Assessing the reproducibility of targeted next-generation sequencing
To estimate technical precision and reproducibility, we repeated the procedure with 63 CLL cases that had been included in the initial sequencing run and were found to carry at least one mutation. A new gene panel including six of the prognostic genes, i.e. BIRC3, NOTCH1, POT1, SF3B1, TP53 and XPO1, was designed and the entire experimental setup was independently replicated, i.e. new libraries were prepared (using the same genomic DNA) and resequenced on the HiSeq2000. Data analysis and variant calling were performed as detailed above and runs were compared.
Results and Discussion
To determine the feasibility of targeted NGS in a clinical setting, we constructed a gene panel including nine prognostic genes and applied the technology to 188 CLL patients with a poor prognosis (cases with unmutated IGHV genes or with B-cell receptors expressing the IGHV3-21 gene, typical of clinically aggressive stereotyped subset #23229) in order to increase the possibility of finding mutations within these genes. Our aim was to assess: (i) the sequencing quality of targeted NGS, in terms of representation and coverage; (ii) the sequence reliability, measured in terms of sensitivity and specificity, as compared to Sanger sequencing; and (iii) the reproducibility of this targeted NGS methodology, using a new gene panel incorporating six of the previously analyzed prognostic genes. Since our study was focused on the technical applicability of targeted NGS to clinical diagnostics (and also due to the availability of material) we did not include constitutive DNA in our sequencing runs.
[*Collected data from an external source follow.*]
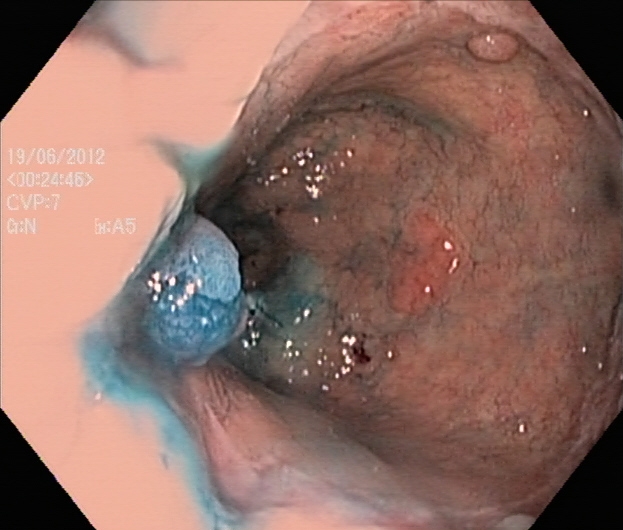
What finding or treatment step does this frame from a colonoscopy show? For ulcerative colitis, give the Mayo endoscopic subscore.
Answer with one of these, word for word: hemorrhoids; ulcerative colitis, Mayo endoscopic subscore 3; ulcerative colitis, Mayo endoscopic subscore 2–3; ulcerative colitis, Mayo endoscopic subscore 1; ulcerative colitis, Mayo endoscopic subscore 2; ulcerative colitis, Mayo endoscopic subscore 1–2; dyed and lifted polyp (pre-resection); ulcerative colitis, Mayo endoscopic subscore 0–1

dyed and lifted polyp (pre-resection)
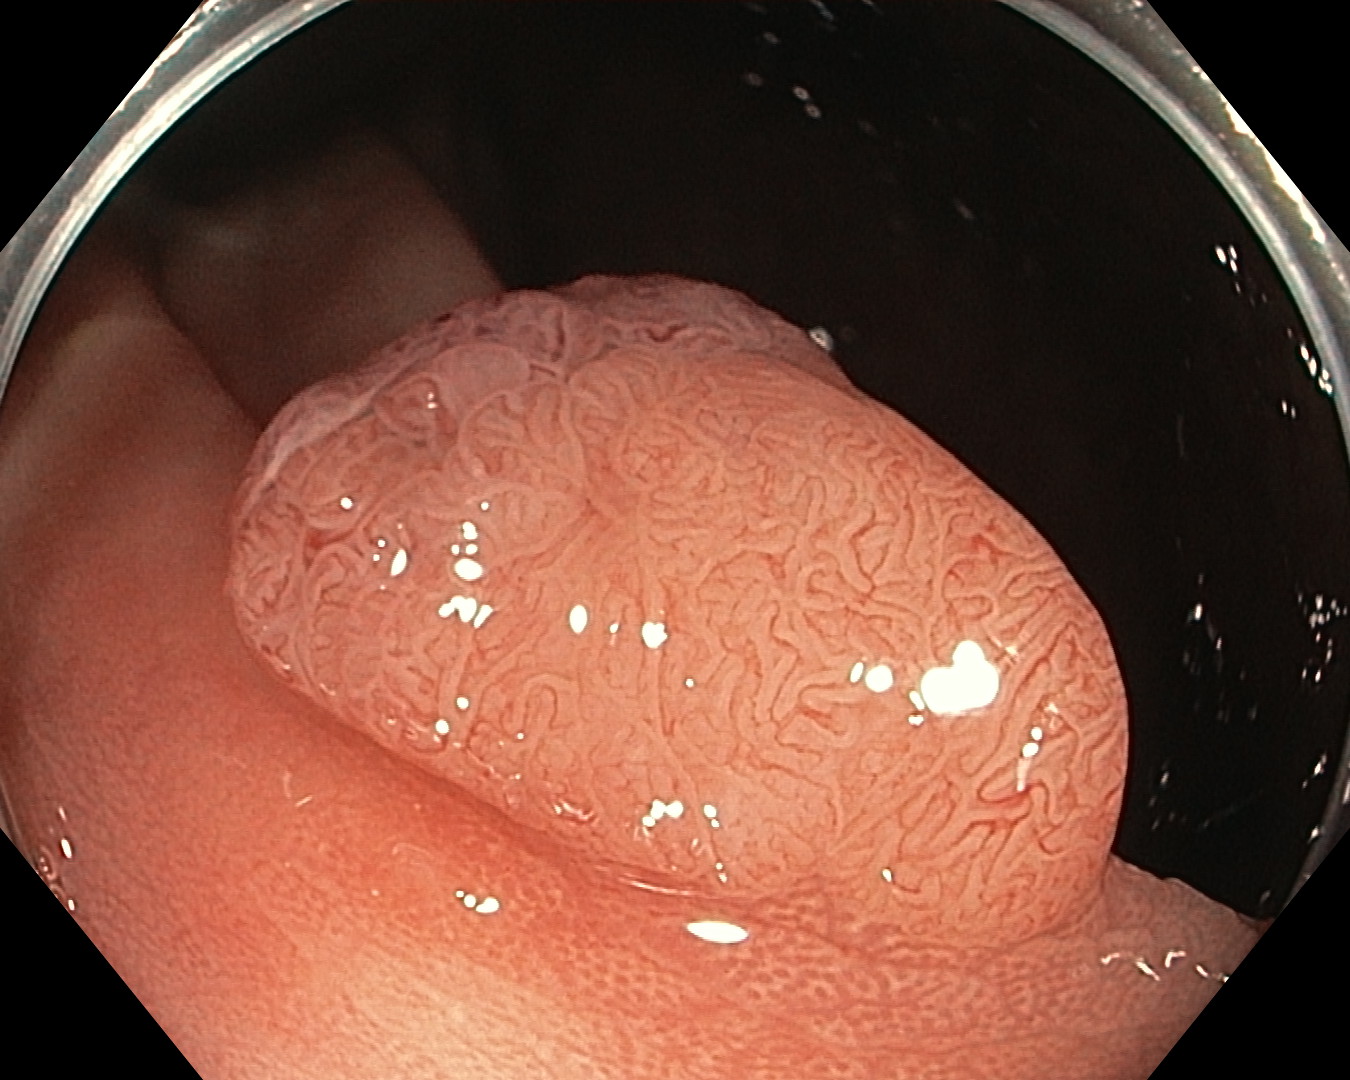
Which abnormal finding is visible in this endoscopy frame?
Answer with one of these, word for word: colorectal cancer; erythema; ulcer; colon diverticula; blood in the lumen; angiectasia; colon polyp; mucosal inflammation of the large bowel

colon polyp
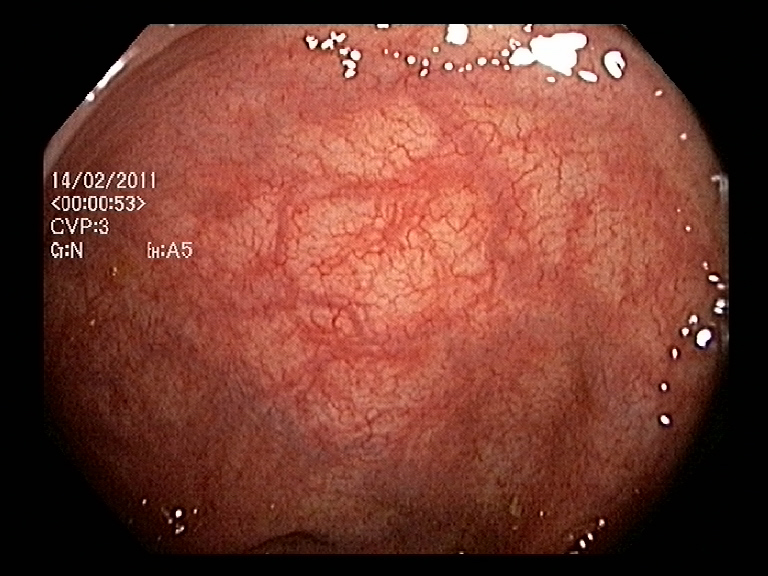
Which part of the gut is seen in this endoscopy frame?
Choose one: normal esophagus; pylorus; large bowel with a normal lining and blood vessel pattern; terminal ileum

large bowel with a normal lining and blood vessel pattern
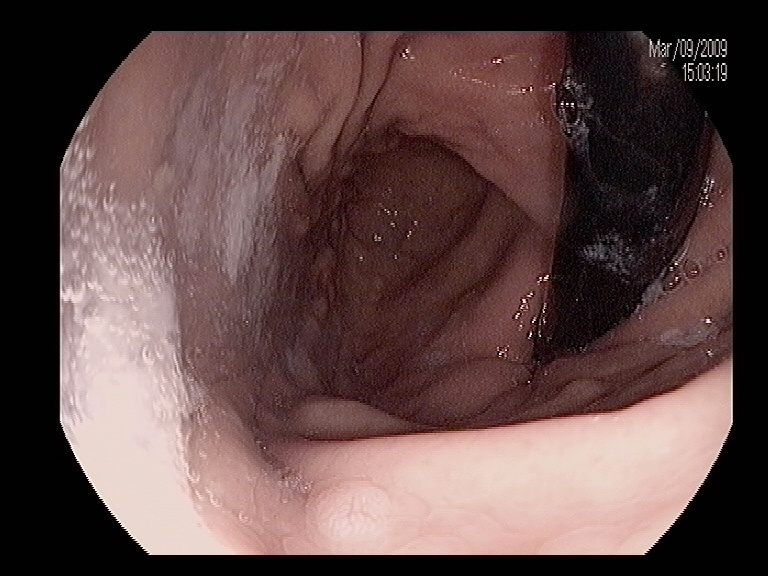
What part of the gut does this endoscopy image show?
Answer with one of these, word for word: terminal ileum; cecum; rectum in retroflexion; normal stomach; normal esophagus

normal stomach
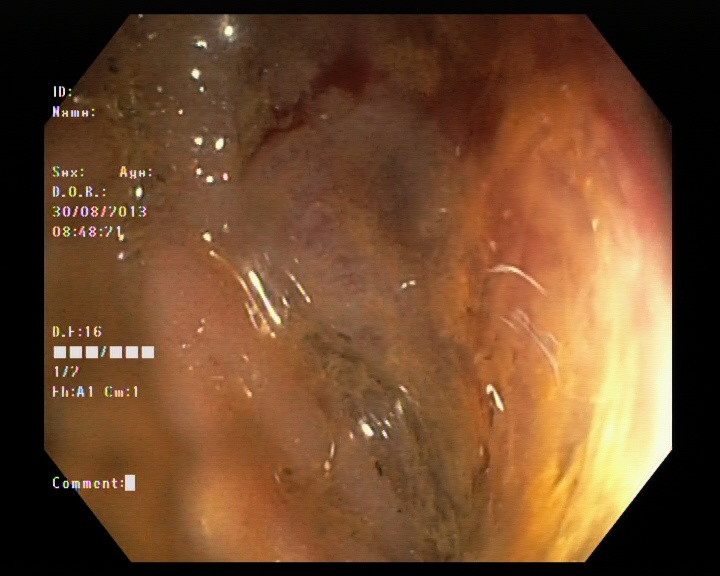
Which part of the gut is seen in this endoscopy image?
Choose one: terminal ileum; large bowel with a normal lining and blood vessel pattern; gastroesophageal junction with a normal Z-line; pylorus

large bowel with a normal lining and blood vessel pattern
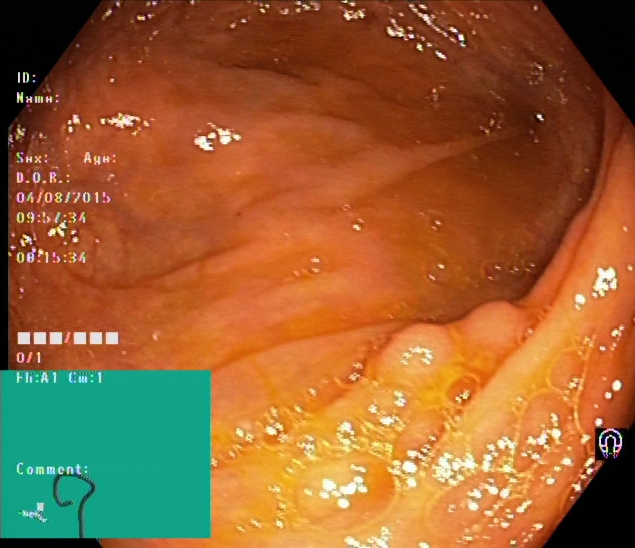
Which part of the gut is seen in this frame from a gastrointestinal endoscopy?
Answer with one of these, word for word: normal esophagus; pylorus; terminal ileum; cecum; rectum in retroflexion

cecum
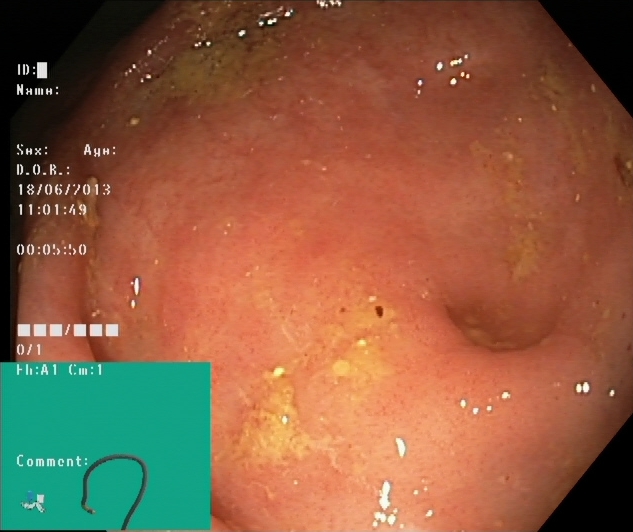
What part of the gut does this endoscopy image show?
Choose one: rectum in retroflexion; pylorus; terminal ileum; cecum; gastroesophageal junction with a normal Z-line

cecum
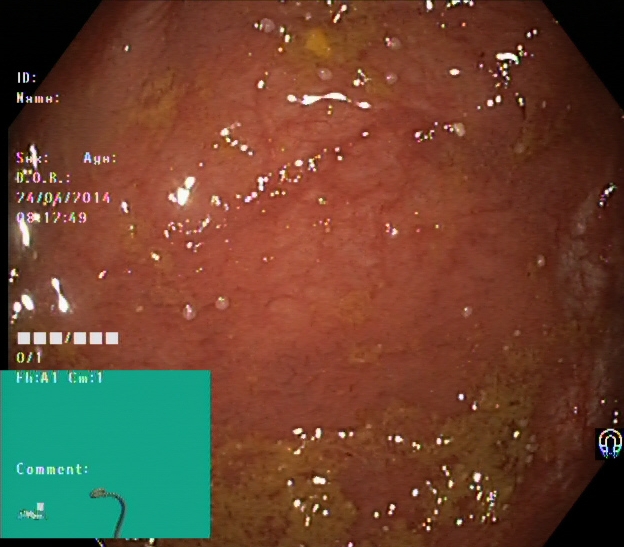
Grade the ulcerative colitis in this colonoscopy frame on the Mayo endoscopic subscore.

ulcerative colitis, Mayo endoscopic subscore 1
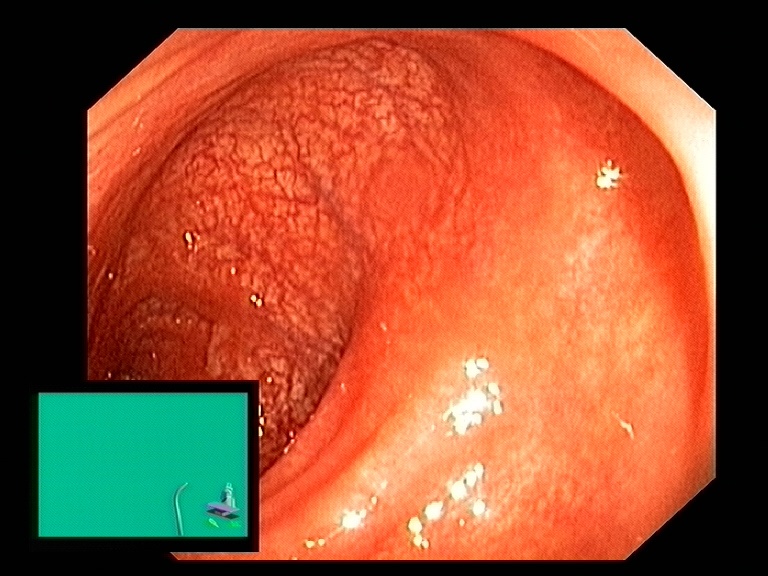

Our initial panel design covered 99.1% of the targeted coding regions and sequencing yielded an average read depth of ~1500 reads/base within the regions of interest. While average read depth is a useful metric, uniformity of coverage within the targeted regions must also be considered to ensure high quality variant calling. For this reason we set a stringent cut-off and only included for further analysis those cases in which ≥80% of bases within the targeted regions of interest achieved at least 100x coverage; 96% (180/188) of our samples met this criteria (median: 95%, range: 80–100%). Although choosing to be strict, since any fixed cut-off is inherently arbitrary, it is worth mentioning that of the eight cases excluded, only two were deemed to have failed while the remaining cases varied in the percent of bases achieving 100x coverage (for the 8 excluded cases; median: 63%, range: 5–78%) (Online Supplementary Table S2). As an illustrative example of the profound sequence depth, the median coverage for all samples in selected genes with recurrent hotspot regions is shown in Figure 1B.
After a stringent filtering procedure (summarized in Figure 1A), we subsequently found that 114/180 (63%) patients carried at least one mutation; SF3B1 (37/180; 21%), ATM (35/180; 19%), NOTCH1 (33/180; 18%), TP53 (25/180; 14%), XPO1 (14/180, 8%), POT1 (9/180; 5%), BIRC3 (4/180; 2%), MYD88 (2/180; 1%) and KLHL6 (1/180; 0.6%) (Figure 2A). A total of 177 mutations were detected, comprising 97 unique mutations and 11 recurrent mutations or recurrently mutated codons. Recurrent mutations were observed in five of the nine genes analyzed, i.e. SF3B1, NOTCH1, TP53, POT1 and XPO1, and accounted for 80/177 (45%) of all mutations (Online Supplementary Table S3). We detected single nucleotide variants and deletions or insertions, with missense single nucleotide variants being the most prevalent (113/177; 64%) (Figure 2B).
Figure 2.Distribution of mutations and genomic aberrations. (A) Columns represent all patients (n=114) harboring mutations in one or more of the evaluated genes. Rows correspond to identical genes/genetic lesions. Color coding indicates the type of mutation or genomic alteration. (B) The distribution of mutations by class across all genes analyzed.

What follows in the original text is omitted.